The road into Canyonlands National Park was paved in 1988. Before that, the park was among the least visited on the national circuit. The highway changed that. It also made life much easier for ranchers and oil drillers. Canyonlands is a postcard park these days, viewed from the safety of a parking lot and gated viewpoint. Tourists snap a photo, return to the car, and speed back down the road to Moab and to the real reason they are here: Arches National Park.

But Arches, for all of its improbable beauty, lacks the raw primordialism of Canyonlands. Arches is an art gallery full of neatly spaced masterpieces that elicit “ooohs and ahhhs” from visitors. Canyonlands, on the other hand, is empty, vast, too big, and too remote for car-seeing. Only the lonely, the brave, and the ambitious venture deep into Canyonlands.

A paved White Rim would change all of that. Tame it. Dirty it. Turn the park into a scenic byway, where drowsy and drunk drivers would plunge to their deaths among the sharp, craggy tomb below the ledge.

I’ve never heard anyone talk of paving the White Rim. But other National Parks, including Arches, are becoming as much pavement as dirt. Road “improvement” projects scour the desert (jobs!). Mountain passes are mountain highways (commerce!). The Grand Canyon now has a 30 million dollar glass and steel skywalk hanging off its rim. What will we pave when there is nothing left to pave?

Where will we go to escape modern life, when modern life is inescapable?

Murphy Hogback was just ahead of me. The road turned sharply uphill and clawed to the top of the spiny wave of rock. Moon dust had gathered at the bottom of the climb. Sweat rolled down my face, blurring my vision, stinging my eyes. Tires slipped in the loose dust. A red cloud of dirt spattered into the air. I stopped pedaling, cursed, and started walking up the hill.

At the top, the wind was vigorous. Like music, it swelled and bounded across the mesa-top.

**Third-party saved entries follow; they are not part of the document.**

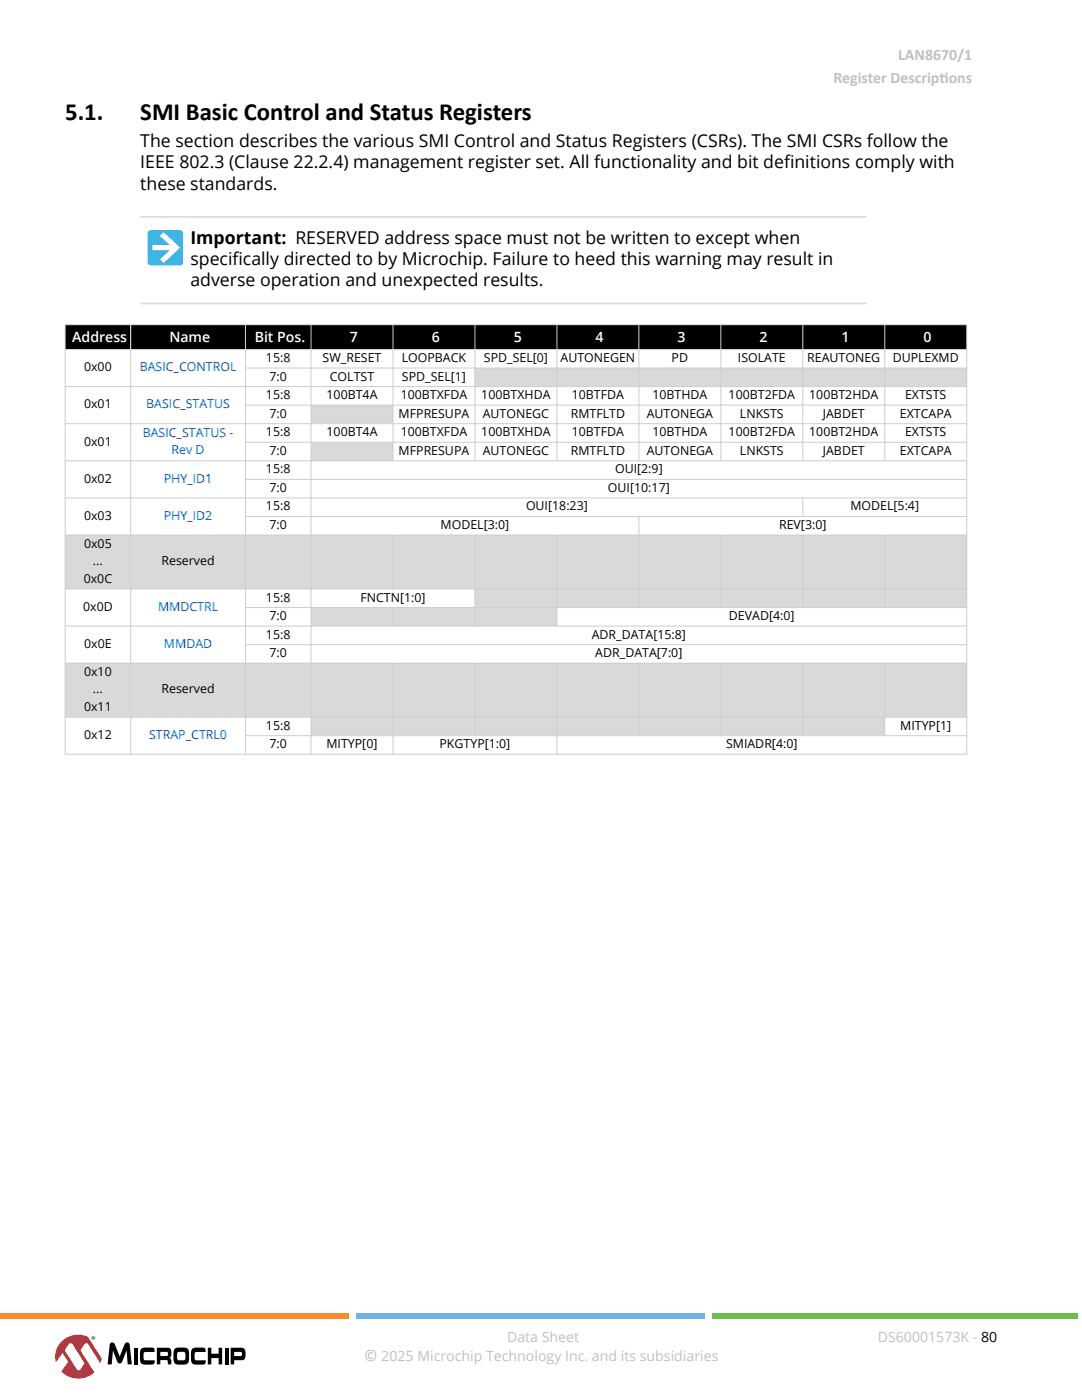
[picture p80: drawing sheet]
<svg xmlns="http://www.w3.org/2000/svg" width="216mm" height="279mm" viewBox="0 0 216 279" stroke-linecap="round" stroke-linejoin="round" font-family="sans-serif">
<defs><g id="words">
<g font-size="4.9">
<text x="13" y="23.9">5.1.</text>
<text x="28" y="23.9">SMI Basic Control and Status Registers</text>
</g>
<g font-size="3.5">
<text x="28" y="29.4">The section describes the various SMI Control and Status Registers (CSRs). The SMI CSRs follow the</text>
<text x="28" y="33.6">IEEE 802.3 (Clause 22.2.4) management register set. All functionality and bit def</text>
<text x="156.4" y="33.6">initions comply with</text>
<text x="28" y="37.9">these standards.</text>
<text x="38" y="48.6">Important: RESERVED address space must not be written to except when</text>
<text x="38" y="52.9">specif</text>
<text x="46.4" y="52.9">ically directed to by Microchip. Failure to heed this warning may result in</text>
<text x="38" y="57.1">adverse operation and unexpected results.</text>
</g>
<g font-size="3.2" fill="#c0c0c0">
<text x="166.3" y="16.6">Register Descript</text>
<text x="179.2" y="12">LAN8670/1</text>
<text x="187.5" y="16.6">ions</text>
<text x="72.7" y="271.7">©</text>
</g>
<g font-size="2.8" fill="#fff">
<text x="14.4" y="68.3">Address</text>
<text x="33.8" y="68.3">Name</text>
<text x="50.8" y="68.3">Bit Pos.</text>
<text x="69.8" y="68.3">7</text>
<text x="86.1" y="68.3">6</text>
<text x="102.5" y="68.3">5</text>
<text x="118.9" y="68.3">4</text>
<text x="135.2" y="68.3">3</text>
<text x="151.6" y="68.3">2</text>
<text x="167.9" y="68.3">1</text>
<text x="184.3" y="68.3">0</text>
</g>
<g font-size="2.8" fill="#c0c0c0">
<text x="101.2" y="267.7">Data Sheet</text>
<text x="175.2" y="267.7">DS60001573K - 80</text>
<text x="76.1" y="271.7">2025 Microchip Technology Inc. and its subsidiaries</text>
</g>
<g font-size="2.5">
<text x="16.8" y="74.1">0x00</text>
<text x="53.1" y="72.2">15:8</text>
<text x="53.8" y="75.9">7:0</text>
<text x="64.4" y="72.2">SW_RESET</text>
<text x="65.8" y="75.9">COLTST</text>
<text x="80.2" y="72.2">LOOPBACK</text>
<text x="80.2" y="75.9">SPD_SEL[1]</text>
<text x="96.6" y="72.2">SPD_SEL[0]</text>
<text x="111.8" y="72.2">AUTONEGEN</text>
<text x="134" y="72.2">PD</text>
<text x="147.2" y="72.2">ISOLATE</text>
<text x="161.1" y="72.2">REAUTONEG</text>
<text x="178.1" y="72.2">DUPLEXMD</text>
<text x="16.8" y="81.5">0x01</text>
<text x="53.1" y="79.7">15:8</text>
<text x="53.8" y="83.4">7:0</text>
<text x="65.2" y="79.7">100BT4A</text>
<text x="79.5" y="83.4">MFPRESUPA</text>
<text x="80" y="79.7">100BTXFDA</text>
<text x="96" y="79.7">100BTXHDA</text>
<text x="96.3" y="83.4">AUTONEGC</text>
<text x="113.9" y="83.4">RMTFLTD</text>
<text x="114.1" y="79.7">10BTFDA</text>
<text x="129" y="83.4">AUTONEGA</text>
<text x="130.2" y="79.7">10BTHDA</text>
<text x="145.4" y="79.7">100BT2FDA</text>
<text x="147.6" y="83.4">LNKSTS</text>
<text x="161.5" y="79.7">100BT2HDA</text>
<text x="164.2" y="83.4">JABDET</text>
<text x="179.6" y="83.4">EXTCAPA</text>
<text x="180.6" y="79.7">EXTSTS</text>
<text x="16.8" y="88.9">0x01</text>
<text x="53.1" y="87.1">15:8</text>
<text x="65.2" y="87.1">100BT4A</text>
<text x="80" y="87.1">100BTXFDA</text>
<text x="96" y="87.1">100BTXHDA</text>
<text x="114.1" y="87.1">10BTFDA</text>
<text x="130.2" y="87.1">10BTHDA</text>
<text x="145.4" y="87.1">100BT2FDA</text>
<text x="161.5" y="87.1">100BT2HDA</text>
<text x="180.6" y="87.1">EXTSTS</text>
<text x="53.1" y="94.5">15:8</text>
<text x="53.8" y="90.8">7:0</text>
<text x="79.5" y="90.8">MFPRESUPA</text>
<text x="96.3" y="90.8">AUTONEGC</text>
<text x="113.9" y="90.8">RMTFLTD</text>
<text x="122.7" y="94.5">OUI[2:9]</text>
<text x="129" y="90.8">AUTONEGA</text>
<text x="147.6" y="90.8">LNKSTS</text>
<text x="164.2" y="90.8">JABDET</text>
<text x="179.6" y="90.8">EXTCAPA</text>
<text x="16.8" y="96.3">0x02</text>
<text x="53.1" y="101.9">15:8</text>
<text x="53.8" y="98.2">7:0</text>
<text x="105" y="101.9">OUI[18:23]</text>
<text x="121.3" y="98.2">OUI[10:17]</text>
<text x="169.7" y="101.9">MODEL[5:4]</text>
<text x="16.8" y="103.7">0x03</text>
<text x="53.8" y="105.6">7:0</text>
<text x="87.9" y="105.6">MODEL[3:0]</text>
<text x="155.5" y="105.6">REV[3:0]</text>
<text x="16.8" y="109.3">0x05</text>
<text x="18.6" y="112.8">...</text>
<text x="32.2" y="112.8">Reserved</text>
<text x="16.7" y="116.3">0x0C</text>
<text x="16.6" y="121.9">0x0D</text>
<text x="53.1" y="120">15:8</text>
<text x="53.8" y="123.7">7:0</text>
<text x="71.9" y="120">FNCTN[1:0]</text>
<text x="145.5" y="123.7">DEVAD[4:0]</text>
<text x="16.8" y="129.3">0x0E</text>
<text x="53.1" y="127.5">15:8</text>
<text x="53.8" y="131.2">7:0</text>
<text x="118.1" y="127.5">ADR_DATA[15:8]</text>
<text x="118.8" y="131.2">ADR_DATA[7:0]</text>
<text x="16.8" y="134.9">0x10</text>
<text x="16.8" y="141.9">0x11</text>
<text x="18.6" y="138.4">...</text>
<text x="32.2" y="138.4">Reserved</text>
<text x="16.8" y="147.5">0x12</text>
<text x="53.1" y="145.6">15:8</text>
<text x="53.8" y="149.3">7:0</text>
<text x="65.1" y="149.3">MITYP[0]</text>
<text x="87.7" y="149.3">PKGTYP[1:0]</text>
<text x="144.9" y="149.3">SMIADR[4:0]</text>
<text x="179.6" y="145.6">MITYP[1]</text>
</g>
<g font-size="2.5" fill="#00f">
<text x="27.9" y="74.1">BASIC_CONTROL</text>
<text x="29.2" y="81.5">BASIC_STATUS</text>
<text x="28.5" y="87.1">BASIC_STATUS -</text>
<text x="34.2" y="90.7">Rev D</text>
<text x="32.7" y="96.3">PHY_ID1</text>
<text x="32.7" y="103.7">PHY_ID2</text>
<text x="31.5" y="121.9">MMDCTRL</text>
<text x="32.7" y="129.3">MMDAD</text>
<text x="29.8" y="147.5">STRAP_CTRL0</text>
</g>
</g></defs>
<path d="M29.7 46.1l.4-.2h5.8a.66 .66 0 0 1 .6 .7v5.7a.66 .66 0 0 1-.6 .7h-5.8a.66 .66 0 0 1-.6-.7v-5.7z" fill="#3cb4e5"/>
<path d="M32.6 46.3l3.4 3.1-3.4 3.1-.7-.7 2-1.9h-3.5v-1h3.5l-2-1.8z" fill="#fff"/>
<path d="M28 43.3h144.9M28 60.6h144.9" fill="none" stroke="#dcdcdc" stroke-width=".35"/>
<g fill="#000">
<path d="M13.1 64.9h12.9v4.8h-12.9z" fill-rule="evenodd"/>
<path d="M26.2 64.9h22.7v4.8h-22.7z" fill-rule="evenodd"/>
<path d="M49.1 64.9h12.9v4.8h-12.9z" fill-rule="evenodd"/>
<path d="M62.2 64.9h16.1v4.8h-16.1z" fill-rule="evenodd"/>
<path d="M78.5 64.9h16.2v4.8h-16.2z" fill-rule="evenodd"/>
<path d="M94.9 64.9h16.1v4.8h-16.1z" fill-rule="evenodd"/>
<path d="M111.2 64.9h16.2v4.8h-16.2z" fill-rule="evenodd"/>
<path d="M127.6 64.9h16.1v4.8h-16.1z" fill-rule="evenodd"/>
<path d="M143.9 64.9h16.2v4.8h-16.2z" fill-rule="evenodd"/>
<path d="M160.3 64.9h16.2v4.8h-16.2z" fill-rule="evenodd"/>
<path d="M176.6 64.9h16.2v4.8h-16.2z" fill-rule="evenodd"/>
</g>
<g fill="#d9d9d9">
<path d="M94.9 73.5h16.1v3.6h-16.1z" fill-rule="evenodd"/>
<path d="M111.2 73.5h16.2v3.6h-16.2z" fill-rule="evenodd"/>
<path d="M127.6 73.5h16.1v3.6h-16.1z" fill-rule="evenodd"/>
<path d="M143.9 73.5h16.2v3.6h-16.2z" fill-rule="evenodd"/>
<path d="M160.3 73.5h16.2v3.6h-16.2z" fill-rule="evenodd"/>
<path d="M176.6 73.5h16.2v3.6h-16.2z" fill-rule="evenodd"/>
<path d="M62.2 80.9h16.1v3.6h-16.1z" fill-rule="evenodd"/>
<path d="M62.2 88.4h16.1v3.5h-16.1z" fill-rule="evenodd"/>
<path d="M13.1 106.9h12.9v10.6h-12.9z" fill-rule="evenodd"/>
<path d="M26.2 106.9h22.7v10.6h-22.7z" fill-rule="evenodd"/>
<path d="M49.1 106.9h12.9v10.6h-12.9z" fill-rule="evenodd"/>
<path d="M62.2 106.9h16.1v10.6h-16.1z" fill-rule="evenodd"/>
<path d="M78.5 106.9h16.2v10.6h-16.2z" fill-rule="evenodd"/>
<path d="M94.9 106.9h16.1v10.6h-16.1z" fill-rule="evenodd"/>
<path d="M111.2 106.9h16.2v10.6h-16.2z" fill-rule="evenodd"/>
<path d="M127.6 106.9h16.1v10.6h-16.1z" fill-rule="evenodd"/>
<path d="M143.9 106.9h16.2v10.6h-16.2z" fill-rule="evenodd"/>
<path d="M160.3 106.9h16.2v10.6h-16.2z" fill-rule="evenodd"/>
<path d="M176.6 106.9h16.2v10.6h-16.2z" fill-rule="evenodd"/>
<path d="M94.9 117.6h16.1v3.6h-16.1z" fill-rule="evenodd"/>
<path d="M111.2 117.6h16.2v3.6h-16.2z" fill-rule="evenodd"/>
<path d="M127.6 117.6h16.1v3.6h-16.1z" fill-rule="evenodd"/>
<path d="M143.9 117.6h16.2v3.6h-16.2z" fill-rule="evenodd"/>
<path d="M160.3 117.6h16.2v3.6h-16.2z" fill-rule="evenodd"/>
<path d="M176.6 117.6h16.2v3.6h-16.2z" fill-rule="evenodd"/>
<path d="M62.2 121.3h16.1v3.6h-16.1z" fill-rule="evenodd"/>
<path d="M78.5 121.3h16.2v3.6h-16.2z" fill-rule="evenodd"/>
<path d="M94.9 121.3h16.1v3.6h-16.1z" fill-rule="evenodd"/>
<path d="M13.1 132.4h12.9v10.6h-12.9z" fill-rule="evenodd"/>
<path d="M26.2 132.4h22.7v10.6h-22.7z" fill-rule="evenodd"/>
<path d="M49.1 132.4h12.9v10.6h-12.9z" fill-rule="evenodd"/>
<path d="M62.2 132.4h16.1v10.6h-16.1z" fill-rule="evenodd"/>
<path d="M78.5 132.4h16.2v10.6h-16.2z" fill-rule="evenodd"/>
<path d="M94.9 132.4h16.1v10.6h-16.1z" fill-rule="evenodd"/>
<path d="M111.2 132.4h16.2v10.6h-16.2z" fill-rule="evenodd"/>
<path d="M127.6 132.4h16.1v10.6h-16.1z" fill-rule="evenodd"/>
<path d="M143.9 132.4h16.2v10.6h-16.2z" fill-rule="evenodd"/>
<path d="M160.3 132.4h16.2v10.6h-16.2z" fill-rule="evenodd"/>
<path d="M176.6 132.4h16.2v10.6h-16.2z" fill-rule="evenodd"/>
<path d="M62.2 143.2h16.1v3.5h-16.1z" fill-rule="evenodd"/>
<path d="M78.5 143.2h16.2v3.5h-16.2z" fill-rule="evenodd"/>
<path d="M94.9 143.2h16.1v3.5h-16.1z" fill-rule="evenodd"/>
<path d="M111.2 143.2h16.2v3.5h-16.2z" fill-rule="evenodd"/>
<path d="M127.6 143.2h16.1v3.5h-16.1z" fill-rule="evenodd"/>
<path d="M143.9 143.2h16.2v3.5h-16.2z" fill-rule="evenodd"/>
<path d="M160.3 143.2h16.2v3.5h-16.2z" fill-rule="evenodd"/>
</g>
<g fill="none" stroke="#cdcdcd" stroke-width=".2">
<path d="M12.9 64.8h180.1M12.9 69.7h180.1M12.9 77.2h180.1M13 64.7v85.9M26.1 64.7v85.9M49 64.7v85.9M49 73.4h144M62.1 64.7v85.9M78.4 64.7v27.4M94.8 64.7v27.4M111.1 64.7v27.4M127.5 64.7v27.4"/>
<path d="M143.8 64.7v27.4M160.2 64.7v27.4M176.5 64.7v27.4M192.9 64.7v85.9M49 80.9h144M49 88.3h144M49 95.7h144M160.2 99.4v3.8M193 99.4h-180.1M193 84.6h-180.1M193 92h-180.1M12.9 117.5h180.1"/>
<path d="M49 103.1h144M78.4 106.8v10.8M94.8 106.8v18.2M111.1 106.8v18.2M127.5 103.1v18.2M143.8 106.8v14.5M160.2 106.8v14.5M176.5 106.8v14.5M193 106.8h-180.1M12.9 132.4h180.1M49 121.2h144M49 128.7h144"/>
<path d="M78.4 121.2v3.8M78.4 132.4v18.2M94.8 132.4v14.5M111.1 132.4v18.2M127.5 132.4v14.5M143.8 132.4v14.5M160.2 132.4v14.5M176.5 132.4v14.5M193 125h-180.1M12.9 143.1h180.1M12.9 150.5h180.1M49 146.8h144"/>
</g>
<g fill="#000">
<path d="M22.1 268a.56 .56 0 0 1 .8 .3l1 2.4 .9-2.4a.53 .53 0 0 1 .5-.4 .53 .53 0 0 1 .5 .3l.5 4.1h-.8l-.2-2.8-.9 2.2a.52 .52 0 0 1-.5 .4 .52 .52 0 0 1-.5-.4l-.9-2.2-.2 2.8h-.8l.4-3.9zM26.7 269h.8v3.3h-.8zM28.3 269.1l1.9-.2 .5 .2 .1 .7-2 .1-.1 .3-.1 .6 .2 .6 2.1 .1-.1 .6a3.1 3.1 0 0 1-2.5 .1 2.15 2.15 0 0 1-.4-2.1l.1-.5zM38.5 269.1l1.9-.2 .5 .2 .1 .7-2 .1-.2 .3v.6l.2 .6 2.1 .1-.1 .6a3.1 3.1 0 0 1-2.5 .1 3.1 3.1 0 0 1 0-3.1zM41.5 269h.7v1.2h1.4v-1.2h.7v3.3h-.7v-1.3h-1.4v1.3h-.7zM44.8 269h.8v3.3h-.8z"/>
<path d="M31.3 269v3.3h.7v-.9l1.4 .1 .1 .8h.7a1.01 1.01 0 0 0-.4-1.3 1.44 1.44 0 0 0 0-2zM32 269.8h1.4l.1 .7-.2 .1h-1.3z"/>
<path d="M35 269.1l1.7-.2a.93 .93 0 0 1 1 1.2 2.15 2.15 0 0 1-.4 2.1l-1.7 .1a.93 .93 0 0 1-1-1.2 2.15 2.15 0 0 1 .4-2zM35.4 270v1.3a1.55 1.55 0 0 0 1.4 .1l.2-.3v-.6a.49 .49 0 0 0-.4-.7h-.8z"/>
<path d="M46 269v3.3h.7v-.8h1.7a1.39 1.39 0 0 0 .6-1.8 .75 .75 0 0 0-.8-.7zM46.7 269.8h1.3a.47 .47 0 0 1 .3 .4 .47 .47 0 0 1-.2 .4h-1.4z"/>
</g>
<path d="M12.1 267.9a4.8 4.8 0 0 1 4.9-1.3l3.2 4.7a4.6 4.6 0 0 1-5.2 3.8 4.6 4.6 0 0 1-3.9-5.1l.2-.8z" fill="#fff"/>
<path d="M12.1 267.9a4.2 4.2 0 0 0-.9 4l1.3-1.9 .9 1.4a.55 .55 0 0 1-.1 .8l-1.1 1.5a4.8 4.8 0 0 0 6.6 .2l-2.8-4.4 .3-.4a1.55 1.55 0 0 1 1-1l.4 .3 2.3 3.7 .3-1-2.8-4.3a4.7 4.7 0 0 0-5.4 1.1zM13.7 268.3l.3-.2 .4 .1 2.4 3.7a1.28 1.28 0 0 1-.6 1.1l-.5 .5-.4-.2-2.4-3.9z" fill="#ed1c2e"/>
<path d="M18.3 267a.36 .36 0 0 1 .7 0 .36 .36 0 0 1-.7 0zM18.3 267a.3 .3 0 0 0 .6 0 .3 .3 0 0 0-.6 0zM18.5 266.8h.3v.4l-.2-.2-.1 .2zM18.6 266.9l.1 .1z" fill="#000"/>
<path d="M0 262h69.6v1.1h-69.6z" fill="#f98d2b"/>
<path d="M71 262h69.6v1.1h-69.6z" fill="#6fb2e3"/>
<path d="M142.1 262h72.9v1.1h-72.9z" fill="#6abf4b"/>
<use href="#words"/>
</svg>

It carried the smell of earth, dust, and brush. A whiff of the river lingered in the background.

To the south, west, and north, Canyonlands spread out like a rocky blanket. The Henry Mountains purpled the horizon. Pale stone was marbled among the red sand. The varnish on the walls of the rim made muddy tears on the cliffsides. A vulture floated on a high thermal, waiting for another’s death to sustain his life. It was time to eat again.

While I ate, I watched the lazy Green River float through the dirt. Do rivers remember? Do they dream and reminisce? I wondered if the Green remembered its youth and its days of turmoil and energetic destruction when it roiled atop the mesas and began the eternal work of creative destruction.

One final climb remained. Abrupt switchbacks wound up the cliffside of Horsethief Canyon. At the top, the truck. Cold drinks. Salty snacks. Behind and below, the Green River, Potato Bottom, and an ancient world. I pedaled the final ascending mile. The aches in my legs creaked like an old rocking chair. My lungs labored under the stress. Gravity tried to tug me backward. Tires rolled slowly over the gravel, up, up, up.

Tawny light swam through the air. A storm of swirling dust chased the truck. Juniper and bald slickrock rolled away from the road. Another day had ended. And soon, another one would begin. Eternal. Circular. Plans to return to the canyon country were already being made as I sped into the softening light of dusk.